Physical characteristics
- • location: Cochrane District, Ontario
- • coordinates: 49°01′22″N 79°52′10″W﻿ / ﻿49.02278°N 79.86944°W
- • elevation: 298 m (978 ft)
- Mouth: Burntbush River
- • location: Cochrane District, Ontario
- • coordinates: 49°25′19″N 79°47′25″W﻿ / ﻿49.42194°N 79.79028°W
- • elevation: 259 m (850 ft)
- Length: 69.3 km (43.1 mi)

= Kabika River =

The Kabika River is a tributary of the Burntbush River, flowing in the Cochrane District, in Northeastern Ontario, in Canada.

Forestry is the main economic activity of the sector; recreational tourism activities, second. The west side of this slope is served by the Ontario road 652.

The surface of the river is usually frozen from early November to mid-May, but safe circulation on the ice generally occurs from mid-November to the end of April.

== Geography ==
The hydrographic slopes adjacent to the Kabika River are:
- North side: Mikwam River, Burntbush River;
- East side: East Kabika River, Patten River, Turgeon River;
- South side: Lake Abitibi, La Reine River (Lake Abitibi);
- west side: Case River, Kenning River, Seguin River, Payntouk Creek.

The Kabika River originates at the mouth of a small forest lake (altitude: 298 m) in the north of the township of Scapa. This lake is situated to the northeast of a mountain whose summit reaches 409 m. Its mouth is located in the north of the North-East Bay of Lake Abitibi.

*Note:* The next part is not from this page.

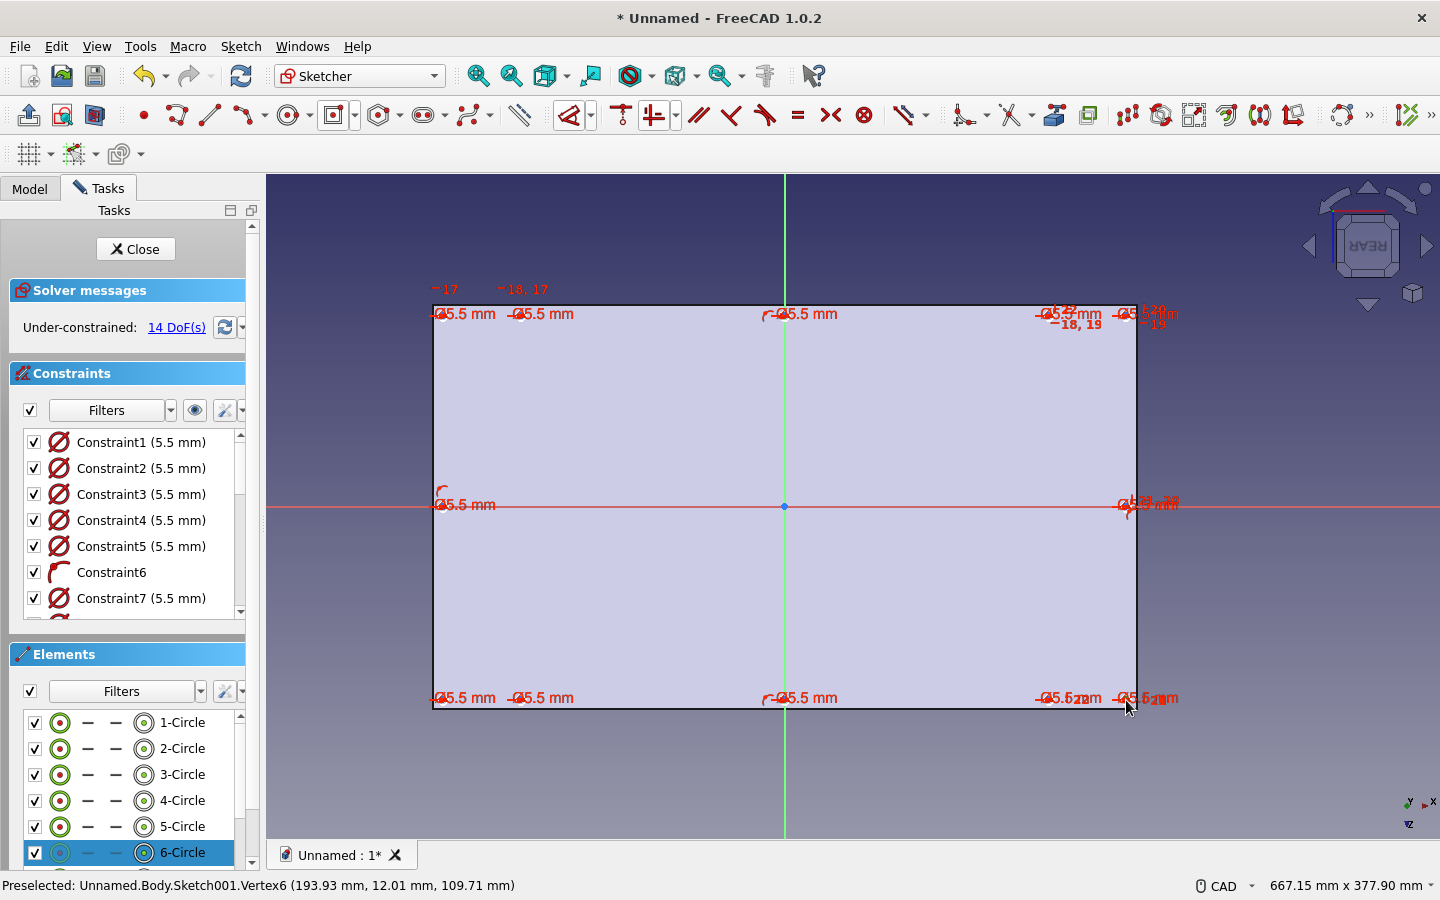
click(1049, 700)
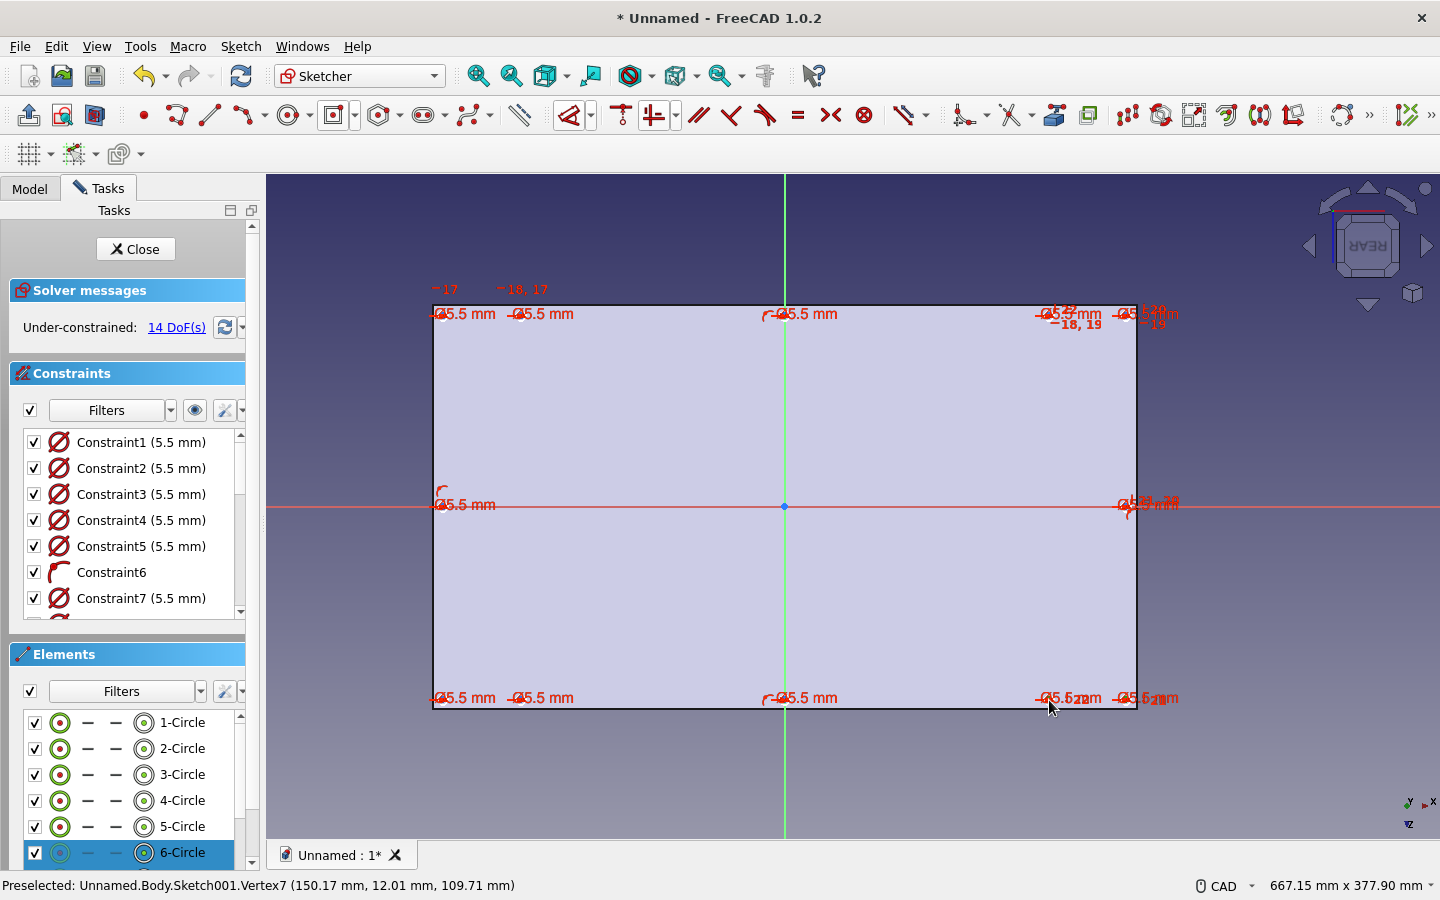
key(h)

From the mouth of the small head lake, the Kabika River flows on 69.3 km according to the following segments:
- 3.5 km to the mouth of Lake Kabika (length: 1.4 km, altitude: 291 m to the north in the township of Scapa) which overlaps the townships of Scapa and Abbotsford;
- 18.6 km to the north winding through the township of Abbotsford and Case, to the limit of the township of Singer;
- 20.5 km to the north by winding in Singer Township, then Kenning Township to the confluence of the Case River (coming from the West);
- 4.7 km to the north winding through Kenning Township, then Singer, to the boundary of the Tomlinson Township;
- 15.6 km to the north, then northeast, winding through Tomlinson Township, then Hurtubise, to the confluence of the East Kabika River (coming from the south);
- 6.4 km to the north-west by forming a hook to the north-west and another to the south-east, to its mouth.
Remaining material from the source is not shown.